There is also so much manual tuning in search these days that even a great system will take a lot of effort to return great results. “Plumber OR Pipefitter” is a Boolean query, “Portland OR Plumber” is not, and someone’s got to build code to recognize that. This is where the existing players have a huge legacy advantage.

Looking at new search technologies I’m very cautious about those that ask users to do more work in return for better results. Search is a low-intensity activity that people don’t really want to learn or spend time on. This is where an approach like WA (that Bing is also aiming towards) looks interesting. We’d all like search to be like the computer from Star Trek that gives you back exactly the answer/data you ask for. The complication with this, beyond the technical issues, is what benefit it has for the webmasters (i.e. why should I let you crawl/index my site). Current SEs take your data for their use, but provide traffic in return, which an answering system would not.

You are one of the few guys who literally wrote the relevancy algorithms & then later worked in the SEO space. Do you consider the roles to be primarily complimentary or adversarial?

So is SEO good or bad for SEs? On the whole I think it’s a benefit for them. From an algo perspective it’s a lot easier to determine the intent of a well SEO’d page. The SEs give webmasters a lot of tools and encourage them to use them because it makes search better. 301 your pages so we know where the content went, let us know what parameters don’t impact page content so we don’t get caught in robot traps, tell us what language your page is in using the metatags so we don’t have to guess, etc. If one of these tools ends up being a net negative, SEs can always change how they treat it (NoFollow), or just start ignoring it all together (Keywords MetaTag). This is not to say that a lot of work doesn’t have to be put into removing spam and factoring out overly aggressive optimization, but it’s a lot less than what they’d need to do if no one SEO’d.

Given your experience on both sides of the table, do you feel that ranking great in other search engines is like stealing candy from a baby, or is it still hard? What aspects of the SEO process do you find most challenging?

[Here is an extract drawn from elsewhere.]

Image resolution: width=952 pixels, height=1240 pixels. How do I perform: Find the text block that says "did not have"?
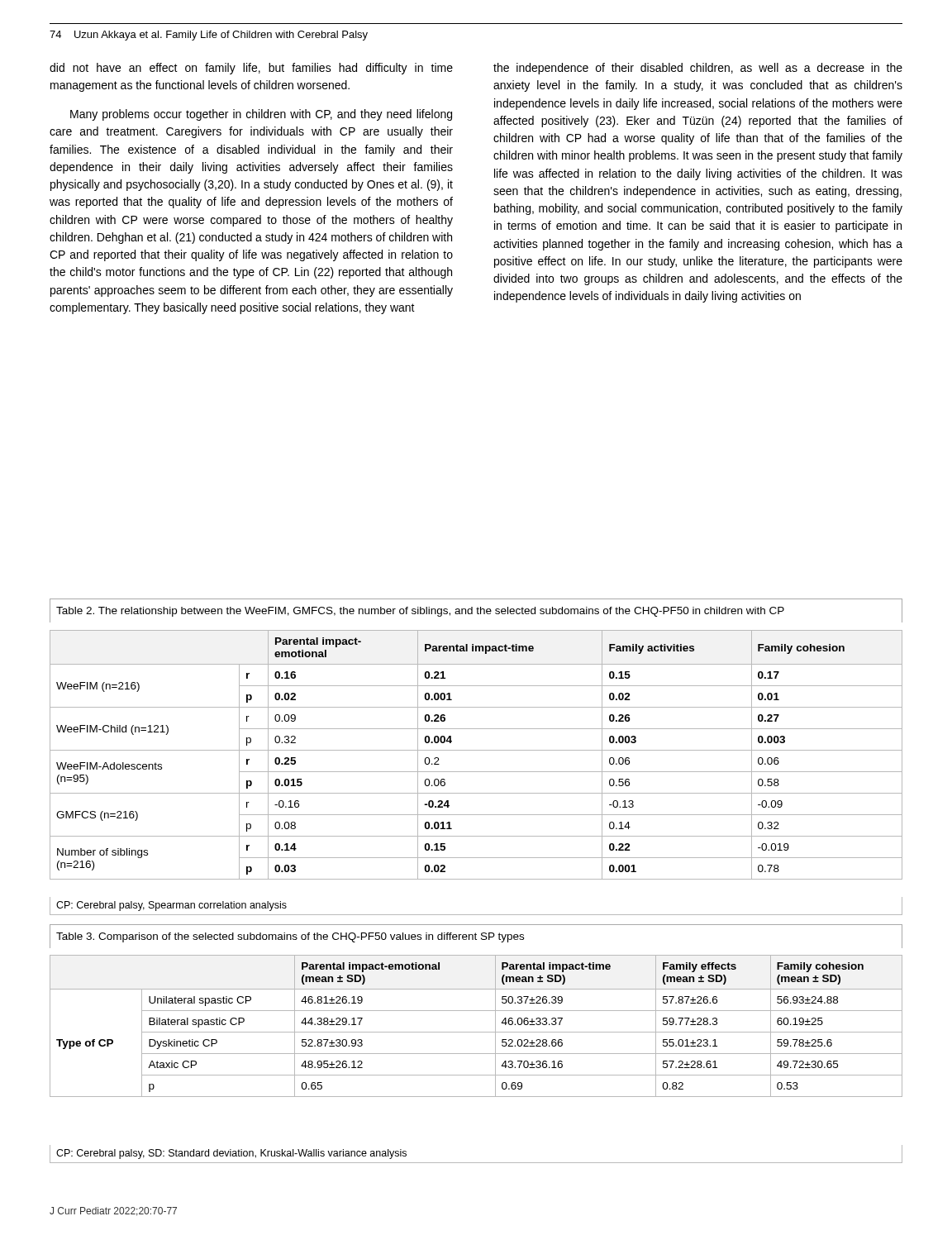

For SEO-ing established businesses it’s not a slam dunk, but it is still possible to generate very strong returns. At we have dozens of people working on SEO in a very organized manner and paybacks on investing effort are better than almost any other aspect of our business. The challenging part is the innate volatility of SEO and the fact that ultimately the SEs control our destiny. You can put together a great growth plan, and then watch an algo update like MayDay shred it.

For the spammers, it’s like stealing candy from a sleeping Doberman. It’s easy until the Doberman wakes up.

Does your experience allow you to just look at a search result and almost instantly know why something is ranked? If so, what are the key things SEOs should study / work on to help gain that level of understanding?

I wish. There is always some pattern recognition that comes from experience (i.e. this is a collage site), but there are so many nuances in the code and off-page stuff that it’s not always instant, you just get better at knowing what to look for. The real learning comes from looking at pages that are ranking well for no obvious reason and seeing what they are doing. It’s no secret why apple is #1 for “ipod nano,” but what is that site I haven’t heard of doing right to get the #5 position? Also if we see a competitor suddenly see a step-function traffic lift we look to see what they changed/added that the SEs seem to be liking.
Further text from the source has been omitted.